One of my correspondents sent this link to the BBC's news report on the first passenger trip of "Tornado', from York to Newcastle.  Great shots.


* **"The Peppercorn Pioneer"*http://news.bbc.co.uk/2/hi/uk_news/england/7865518.stm


----------



## peter bunce (Dec 29, 2007)

Hi Pete, 

That was the first of the 'paying guests' trains at £99 each; and was filled with the covenanters who have paid for the loco to be built. 

The loco is passed for 75 MPH, and they A1 trust hope to get it passed for 90 MPH, which will make it the fastest staem loco in Britain, as it is new, not rebuilt - those are limited to 75mph. 
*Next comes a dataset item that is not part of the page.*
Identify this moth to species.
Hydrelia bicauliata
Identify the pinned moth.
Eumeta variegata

Shortly it will be travelling to the south of england to show them what a new build locomotive is capable of! 

Meanwhile 'YouTube' has a whole raft of videos of it both in its intitail proving runs (which were run at night in case it broke down!) and now this run. 
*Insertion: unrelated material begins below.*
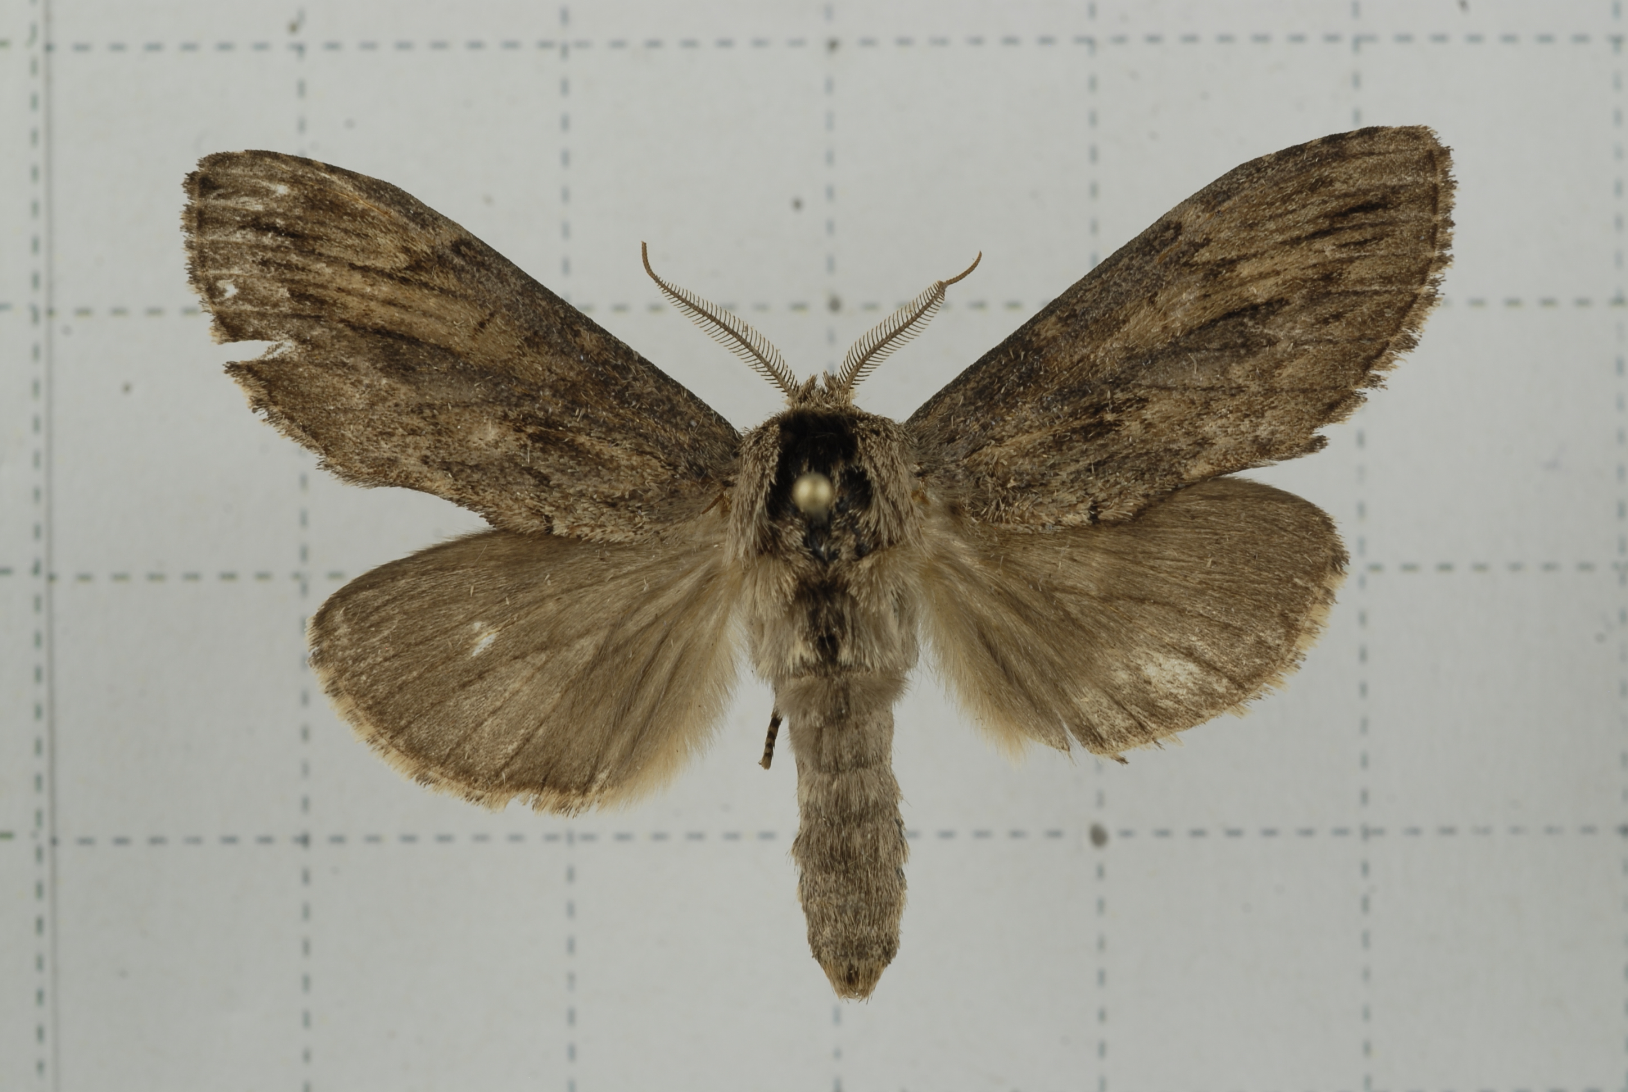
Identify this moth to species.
Allodontoides tenebrosa
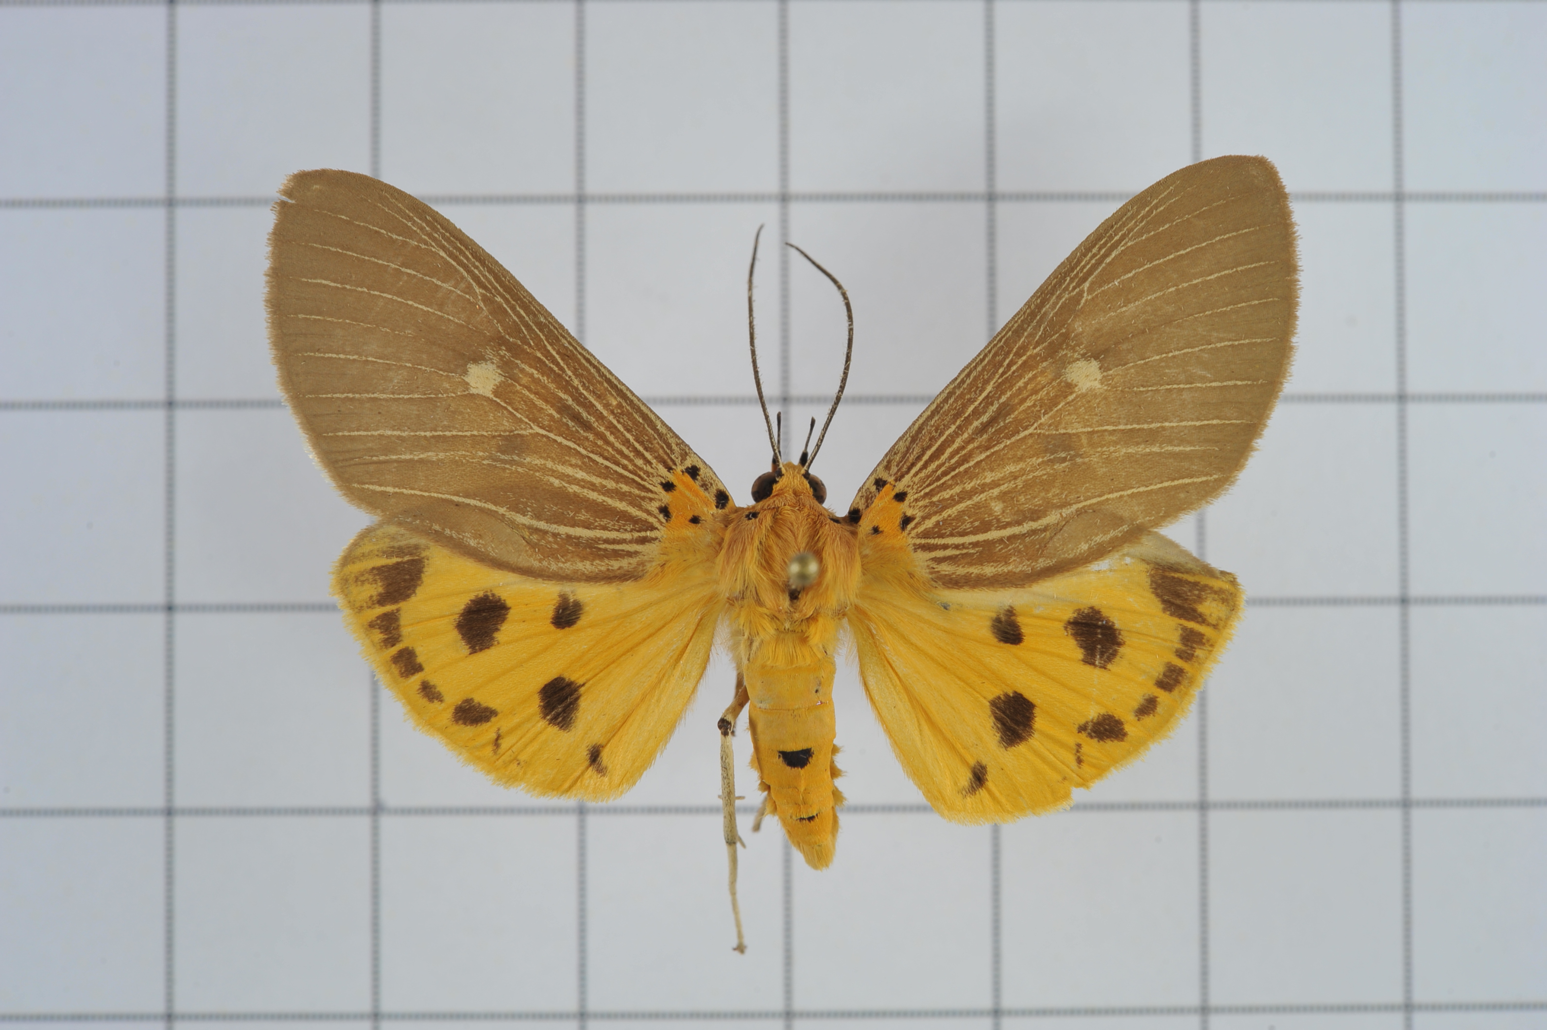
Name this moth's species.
Asota caricae

Check out the night run (loco in grey) through Durham at 75 mph, and in total 64 continous miles were run at 75 mph, with a load of 550 tons behind the tender. There is no stoker firing by the way all hand fired, and the loco crew are volunteers I think.

'Health & Safety' ran riot at Newcastle station (depot) in arrival, with one of the station announcers being quite clearly heard on a 'Youtube' video saying 'No photographs are allowed on the staion'! the admirers took a lot of notice - the grey side of the tender was almost obliterated by flashes from cameras! 

It has been painted in its first color scheme of apple green with a new chimmney (stack), see the grey livery photos for the lipped stack. 

Other color schemes are promised of blue and then the last British Railways color of Brunswick Green.


----------



## Great Western (Jan 2, 2008)

Hi Peter,

I look forward to the day it runs on my Heritage line. I guess the diary is pretty full right now but it would make a nice change from King Edward I or Earl Bathurst.


----------



## tacfoley (Jan 3, 2008)

Hmmmmmmmmmmmmm.

I wonder if they are going to cancel tomorrow's run from Darlington to London King's X?

We were going to be doing a vid of our combined clips in our part of the run....right now there's about five-six feet deep of snow between my nearest park-up point and my vantage point, and 1/4 mile of farm-track...

tac
www.ovgrs.org


----------



## Pete Thornton (Jan 2, 2008)

*RE: A1 "Tornado" First Trip - Great BBC Video*

the loco crew are volunteers I think


Peter, 

I doubt that very much. They might have 'volunteered' for this duty, but I'm sure they are paid staff. The only real 'volunteers' allowed on Network Rail are the NYMR staff running trains to Whitby - getting approval was a first, I believe. 

A while ago it was the Rail Parcels crew who had the exclusive to man the steam excursions, and that was bought by EWS (English, Welsh and Scottish?) EWS was in turn owned by Wisconsin Central, here in the US, which was bought by CN. Apparently DB (German Rail) owns it now. 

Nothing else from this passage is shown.